DESCRIPTION OF THE TASK: Search the data for "Answer" and copy every matching line.

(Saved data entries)
»»

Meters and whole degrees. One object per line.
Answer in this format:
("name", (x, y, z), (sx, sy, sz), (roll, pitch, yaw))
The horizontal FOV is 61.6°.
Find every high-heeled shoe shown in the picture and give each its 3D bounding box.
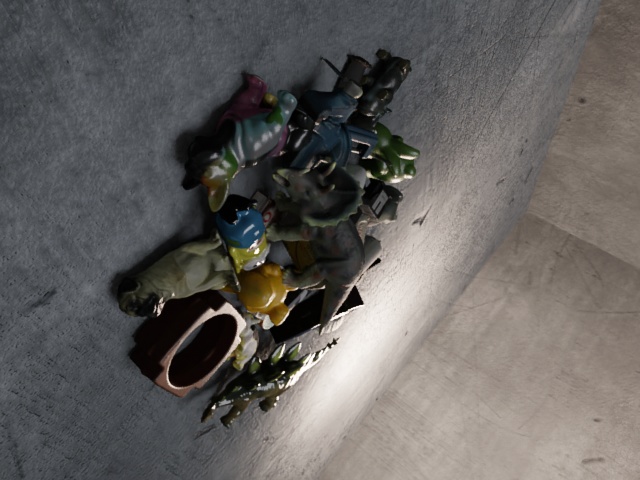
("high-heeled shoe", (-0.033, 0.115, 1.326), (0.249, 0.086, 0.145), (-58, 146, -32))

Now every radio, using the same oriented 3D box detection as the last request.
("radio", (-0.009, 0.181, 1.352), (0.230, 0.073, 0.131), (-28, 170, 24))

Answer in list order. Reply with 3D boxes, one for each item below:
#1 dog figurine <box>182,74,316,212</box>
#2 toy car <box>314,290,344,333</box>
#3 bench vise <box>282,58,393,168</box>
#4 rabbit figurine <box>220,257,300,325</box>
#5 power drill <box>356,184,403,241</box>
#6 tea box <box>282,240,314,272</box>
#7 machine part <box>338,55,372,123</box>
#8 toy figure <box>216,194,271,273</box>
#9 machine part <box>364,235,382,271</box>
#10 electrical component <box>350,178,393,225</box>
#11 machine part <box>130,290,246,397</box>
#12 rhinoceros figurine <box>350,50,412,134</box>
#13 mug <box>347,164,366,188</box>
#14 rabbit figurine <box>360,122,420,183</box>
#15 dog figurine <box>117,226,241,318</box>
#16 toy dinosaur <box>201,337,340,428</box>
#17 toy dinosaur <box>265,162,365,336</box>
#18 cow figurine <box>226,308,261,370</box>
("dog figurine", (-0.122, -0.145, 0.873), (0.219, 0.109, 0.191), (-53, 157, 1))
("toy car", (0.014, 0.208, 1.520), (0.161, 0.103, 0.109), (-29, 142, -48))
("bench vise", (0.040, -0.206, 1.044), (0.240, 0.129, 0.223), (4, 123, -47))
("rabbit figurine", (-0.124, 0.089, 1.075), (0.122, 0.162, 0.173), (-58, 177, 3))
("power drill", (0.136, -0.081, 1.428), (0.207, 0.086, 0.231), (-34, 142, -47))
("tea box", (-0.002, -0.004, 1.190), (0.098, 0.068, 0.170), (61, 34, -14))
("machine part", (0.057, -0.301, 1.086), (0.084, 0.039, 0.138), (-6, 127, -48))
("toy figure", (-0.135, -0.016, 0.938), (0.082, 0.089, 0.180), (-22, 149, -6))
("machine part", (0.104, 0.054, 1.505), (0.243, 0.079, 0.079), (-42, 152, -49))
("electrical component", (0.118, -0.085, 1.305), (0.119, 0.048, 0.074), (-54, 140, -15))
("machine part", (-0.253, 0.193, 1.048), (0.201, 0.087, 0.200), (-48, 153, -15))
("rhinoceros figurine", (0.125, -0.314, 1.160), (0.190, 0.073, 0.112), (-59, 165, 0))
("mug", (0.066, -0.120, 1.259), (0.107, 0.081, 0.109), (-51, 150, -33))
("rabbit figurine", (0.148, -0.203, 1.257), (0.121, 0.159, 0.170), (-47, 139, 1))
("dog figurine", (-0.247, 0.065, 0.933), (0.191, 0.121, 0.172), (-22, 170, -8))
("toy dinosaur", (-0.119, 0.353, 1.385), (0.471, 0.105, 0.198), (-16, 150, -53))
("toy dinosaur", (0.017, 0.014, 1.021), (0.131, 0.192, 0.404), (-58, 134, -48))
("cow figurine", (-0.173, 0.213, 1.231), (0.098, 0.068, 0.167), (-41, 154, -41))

««

FINISHED EXERCISE:
Answer in this format:
Answer in list order. Reply with 3D boxes, one for each item below:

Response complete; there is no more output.